Multidimensional arrays can have one index per axis. These indices are given in a tuple separated by commas.

In [2]:
# THis creates an array of size 10
import numpy as np
a = np.array([   0,    1,   16,   81,  256,  625, 1296, 2401, 4096, 6561])
a

array([   0,    1,   16,   81,  256,  625, 1296, 2401, 4096, 6561])

In [3]:
# print element at index 5
a[5]

625

In [4]:
# print slice of elements at indices 3, 4, 5, 6. notice that last index is excluded
a[3:7]

array([  81,  256,  625, 1296])

In [5]:
# replace every alternate element starting at index 0 to index 5, with -78
a[:6:2] = -78
a

array([ -78,    1,  -78,   81,  -78,  625, 1296, 2401, 4096, 6561])

In [6]:
# Reverse the elements in a
a[::-1]  

array([6561, 4096, 2401, 1296,  625,  -78,   81,  -78,    1,  -78])

In [229]:
# Multidimensional array indexing
b = np.array([[2, 3, 4],
       [3, 4, 5],
       [4, 5, 6]])

b

array([[2, 3, 4],
       [3, 4, 5],
       [4, 5, 6]])

In [230]:
# Element in row 2, col 2
b[2, 2]

6

In [44]:
# Elements in rows 0, 1, and 2 in column 1
b[0:3, 1]  

array([3, 4, 5])

In [45]:
# Elements in row 1 in each column of b
b[1:2, :]  

array([[3, 4, 5]])

In [231]:
# second last row
b[-2]  

array([3, 4, 5])

In [232]:
#  last row
b[-1]  

array([4, 5, 6])

In [113]:
# Another example of indezing in multidimensional array
a = np.array([[3, 22, 33, 34], [35, 26, 27,38], [39, 12, 13, 1], [4, 5, 6, 7]])
print("\n Array a:\n",  a)
print("\n Shape of a:", a.shape)
print("\n Element at index [0, 1] is ", a[0, 1])


 Array a:
 [[ 3 22 33 34]
 [35 26 27 38]
 [39 12 13  1]
 [ 4  5  6  7]]

 Shape of a: (4, 4)

 Element at index [0, 1] is  22


In [117]:
# Subsetting rows and columns of 'a' into another array 'b'

b = a[0:2, 0:2]
print(b, '\n')

b = a[1:2, 1:3]
print(b, '\n')

b = a[:, :]
print(b, '\n')

[[ 3 22]
 [35 26]] 

[[26 27]] 

[[ 3 22 33 34]
 [35 26 27 38]
 [39 12 13  1]
 [ 4  5  6  7]] 



In [124]:
a = np.array([[1, 2, 3], [4, 5, 6], [7, 8, 9], [10, 11, 12]])
print('a : \n', a , '\n')
print("Elements at index (0,2) and (1, 2) in a: ", a[[0, 1],[2, 2]])


a : 
 [[ 1  2  3]
 [ 4  5  6]
 [ 7  8  9]
 [10 11 12]] 

Elements at index (0,2) and (1, 2) in a:  [3 6]


In [140]:
# Boolean Indexing to identify elements that satisfy some conditions
a = np.array([[1, 2, 3], [1, 3, 4], [3, 5, 6]])
# Condition is that the element in a should be greater than 4 or less than 3
cond = np.logical_or(a > 4, a<3)
print('Boolean Mask of Elements that satisfy the condition a > 4 or a<3:\n', cond)

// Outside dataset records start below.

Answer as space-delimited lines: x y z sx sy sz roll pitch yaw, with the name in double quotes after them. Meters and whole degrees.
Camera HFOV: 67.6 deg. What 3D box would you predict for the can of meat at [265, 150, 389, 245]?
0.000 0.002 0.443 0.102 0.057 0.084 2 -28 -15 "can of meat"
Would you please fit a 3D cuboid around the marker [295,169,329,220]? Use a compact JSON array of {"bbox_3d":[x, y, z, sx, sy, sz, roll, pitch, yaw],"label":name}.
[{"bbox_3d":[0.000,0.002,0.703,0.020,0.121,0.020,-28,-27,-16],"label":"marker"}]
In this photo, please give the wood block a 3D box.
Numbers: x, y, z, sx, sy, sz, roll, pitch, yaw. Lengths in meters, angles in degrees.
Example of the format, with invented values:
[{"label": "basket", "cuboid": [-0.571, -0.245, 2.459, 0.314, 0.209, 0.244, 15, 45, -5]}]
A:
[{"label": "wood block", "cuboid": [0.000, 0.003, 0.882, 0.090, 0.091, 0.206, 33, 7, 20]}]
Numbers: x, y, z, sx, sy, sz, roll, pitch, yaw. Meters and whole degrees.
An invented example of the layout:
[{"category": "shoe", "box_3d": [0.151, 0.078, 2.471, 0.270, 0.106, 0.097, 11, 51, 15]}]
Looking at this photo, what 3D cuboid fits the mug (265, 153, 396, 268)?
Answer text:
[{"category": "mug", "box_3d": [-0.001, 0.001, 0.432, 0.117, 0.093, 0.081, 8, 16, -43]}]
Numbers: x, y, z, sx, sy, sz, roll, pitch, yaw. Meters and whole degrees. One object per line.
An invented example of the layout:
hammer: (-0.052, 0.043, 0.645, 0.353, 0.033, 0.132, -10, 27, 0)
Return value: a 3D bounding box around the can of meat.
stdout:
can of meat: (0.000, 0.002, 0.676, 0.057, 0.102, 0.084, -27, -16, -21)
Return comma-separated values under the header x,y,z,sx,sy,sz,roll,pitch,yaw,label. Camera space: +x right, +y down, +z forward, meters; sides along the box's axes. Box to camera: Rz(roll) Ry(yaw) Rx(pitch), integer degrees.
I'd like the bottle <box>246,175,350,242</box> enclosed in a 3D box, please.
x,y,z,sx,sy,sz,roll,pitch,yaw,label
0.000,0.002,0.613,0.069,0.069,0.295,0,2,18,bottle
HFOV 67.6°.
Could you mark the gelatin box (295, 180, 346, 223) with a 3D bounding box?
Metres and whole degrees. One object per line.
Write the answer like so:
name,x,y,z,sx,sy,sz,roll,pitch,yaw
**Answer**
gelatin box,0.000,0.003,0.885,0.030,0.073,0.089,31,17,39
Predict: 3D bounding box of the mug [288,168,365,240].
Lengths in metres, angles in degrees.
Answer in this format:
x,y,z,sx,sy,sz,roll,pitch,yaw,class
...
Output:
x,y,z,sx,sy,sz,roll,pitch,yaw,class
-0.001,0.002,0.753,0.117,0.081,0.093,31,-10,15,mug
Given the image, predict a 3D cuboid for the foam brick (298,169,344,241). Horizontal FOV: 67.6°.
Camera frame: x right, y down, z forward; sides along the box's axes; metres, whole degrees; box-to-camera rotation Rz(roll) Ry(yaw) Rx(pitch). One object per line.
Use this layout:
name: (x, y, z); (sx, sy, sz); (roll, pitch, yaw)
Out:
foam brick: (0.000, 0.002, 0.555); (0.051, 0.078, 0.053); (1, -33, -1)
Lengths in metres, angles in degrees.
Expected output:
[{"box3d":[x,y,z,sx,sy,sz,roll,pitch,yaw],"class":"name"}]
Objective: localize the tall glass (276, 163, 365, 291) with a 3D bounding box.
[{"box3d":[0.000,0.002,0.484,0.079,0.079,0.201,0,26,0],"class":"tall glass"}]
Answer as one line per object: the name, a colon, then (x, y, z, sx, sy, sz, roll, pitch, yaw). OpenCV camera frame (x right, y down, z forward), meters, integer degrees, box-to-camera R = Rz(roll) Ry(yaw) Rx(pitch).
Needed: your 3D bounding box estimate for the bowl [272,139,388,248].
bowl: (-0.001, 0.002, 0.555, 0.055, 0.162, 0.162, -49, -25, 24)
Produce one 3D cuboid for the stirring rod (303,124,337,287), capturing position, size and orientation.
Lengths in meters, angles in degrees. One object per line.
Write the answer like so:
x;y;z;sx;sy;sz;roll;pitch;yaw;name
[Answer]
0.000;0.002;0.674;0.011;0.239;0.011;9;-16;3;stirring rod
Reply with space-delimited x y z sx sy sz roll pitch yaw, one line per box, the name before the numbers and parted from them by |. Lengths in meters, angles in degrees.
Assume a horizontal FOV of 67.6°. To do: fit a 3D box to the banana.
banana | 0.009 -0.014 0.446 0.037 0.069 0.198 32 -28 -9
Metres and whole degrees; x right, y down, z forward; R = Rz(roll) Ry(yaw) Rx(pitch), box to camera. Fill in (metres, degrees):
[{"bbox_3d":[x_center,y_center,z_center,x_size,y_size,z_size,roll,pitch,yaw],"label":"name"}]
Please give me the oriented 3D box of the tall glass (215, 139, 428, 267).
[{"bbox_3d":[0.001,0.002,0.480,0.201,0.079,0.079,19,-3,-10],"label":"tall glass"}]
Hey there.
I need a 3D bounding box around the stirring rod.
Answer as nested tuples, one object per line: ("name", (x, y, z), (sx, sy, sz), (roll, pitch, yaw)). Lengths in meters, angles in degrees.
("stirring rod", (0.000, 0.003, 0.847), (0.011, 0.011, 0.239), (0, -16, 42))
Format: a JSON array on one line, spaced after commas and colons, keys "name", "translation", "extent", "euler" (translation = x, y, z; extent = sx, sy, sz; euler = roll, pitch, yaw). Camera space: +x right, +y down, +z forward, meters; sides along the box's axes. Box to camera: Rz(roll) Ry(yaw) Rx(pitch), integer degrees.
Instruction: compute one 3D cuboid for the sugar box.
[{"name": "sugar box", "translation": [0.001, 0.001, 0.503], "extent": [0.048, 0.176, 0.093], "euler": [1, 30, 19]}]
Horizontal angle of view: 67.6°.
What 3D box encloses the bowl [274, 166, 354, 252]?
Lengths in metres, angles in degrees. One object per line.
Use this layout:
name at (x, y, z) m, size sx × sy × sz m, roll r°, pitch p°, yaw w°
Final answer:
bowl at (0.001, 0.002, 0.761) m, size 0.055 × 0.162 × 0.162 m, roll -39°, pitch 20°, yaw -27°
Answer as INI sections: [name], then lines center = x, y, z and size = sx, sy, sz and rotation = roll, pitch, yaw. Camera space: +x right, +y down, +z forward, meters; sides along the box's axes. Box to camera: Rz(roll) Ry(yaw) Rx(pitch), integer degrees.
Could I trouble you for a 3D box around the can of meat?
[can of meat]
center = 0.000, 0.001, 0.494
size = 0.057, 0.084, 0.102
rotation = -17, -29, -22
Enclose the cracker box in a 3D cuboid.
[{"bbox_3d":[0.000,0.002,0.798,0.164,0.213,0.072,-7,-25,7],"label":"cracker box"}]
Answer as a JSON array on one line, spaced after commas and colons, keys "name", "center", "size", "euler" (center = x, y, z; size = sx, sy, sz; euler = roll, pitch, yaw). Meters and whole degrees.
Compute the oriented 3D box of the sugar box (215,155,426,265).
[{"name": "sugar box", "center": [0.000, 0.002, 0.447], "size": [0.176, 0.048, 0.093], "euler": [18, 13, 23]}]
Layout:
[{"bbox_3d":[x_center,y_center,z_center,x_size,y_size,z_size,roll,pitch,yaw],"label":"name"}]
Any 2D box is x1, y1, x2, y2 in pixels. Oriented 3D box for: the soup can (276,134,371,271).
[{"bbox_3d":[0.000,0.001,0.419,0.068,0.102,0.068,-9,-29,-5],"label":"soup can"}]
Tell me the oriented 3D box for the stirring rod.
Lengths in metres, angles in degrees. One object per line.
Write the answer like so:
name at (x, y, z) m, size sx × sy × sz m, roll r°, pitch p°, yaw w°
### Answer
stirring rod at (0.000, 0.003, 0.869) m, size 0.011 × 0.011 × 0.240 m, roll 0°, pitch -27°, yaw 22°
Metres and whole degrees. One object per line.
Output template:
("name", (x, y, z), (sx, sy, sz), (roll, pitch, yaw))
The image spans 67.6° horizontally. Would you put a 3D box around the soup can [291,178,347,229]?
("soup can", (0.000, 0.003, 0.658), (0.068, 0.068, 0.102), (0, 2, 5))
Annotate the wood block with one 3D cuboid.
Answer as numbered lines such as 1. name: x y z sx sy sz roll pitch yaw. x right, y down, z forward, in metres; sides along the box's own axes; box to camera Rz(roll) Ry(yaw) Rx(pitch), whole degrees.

print('\n\nElements that satisfy the cond a>4 or a<3:\n', a[cond])
print('\n\nAlso elements that satisfy the cond a>4 or a<3:\n',a[np.logical_or(a>4, a<3)])

Boolean Mask of Elements that satisfy the condition a > 4 or a<3:
 [[ True  True False]
 [ True False False]
 [False  True  True]]


Elements that satisfy the cond a>4 or a<3:
 [1 2 1 5 6]


Also elements that satisfy the cond a>4 or a<3:
 [1 2 1 5 6]


### numpy [where()](https://numpy.org/doc/stable/reference/generated/numpy.where.html)
##The where() function of numpy returns the indices of elements that satisfy a given condition(s)

numpy.where(condition, [x, y, ]/)

Return elements chosen from x or y depending on condition.

####  where() outputs an array with elements from x where condition is True, and elements from y elsewhere

In [26]:
##The where() function of numpy returns the indices of elements that satisfy a given condition(s)

a = np.array([[1, 2, 3, 5], [14, 15, 16, 17]])
print(a, '\n a.shape\n', a.shape )
print("indices where elements are >15 :", np.where(a>15))

b = np.where(a>15)
print('indices: ', b)
  
print("\nElements which are >15" , a[b])
print('\n')

# Printing index of every element, iterating row by row
n_rows = a.shape[0]  # number of rows in a
for s in range(n_rows): # for each row
    for i in a[s]:  # for each column in that row
        print('Index of {} is {}'.format(i, np.where(a==i)))# print the index of the element
    

[[ 1  2  3  5]
 [14 15 16 17]] 
 a.shape
 (2, 4)
indices where elements are >15 : (array([1, 1], dtype=int64), array([2, 3], dtype=int64))
indices:  (array([1, 1], dtype=int64), array([2, 3], dtype=int64))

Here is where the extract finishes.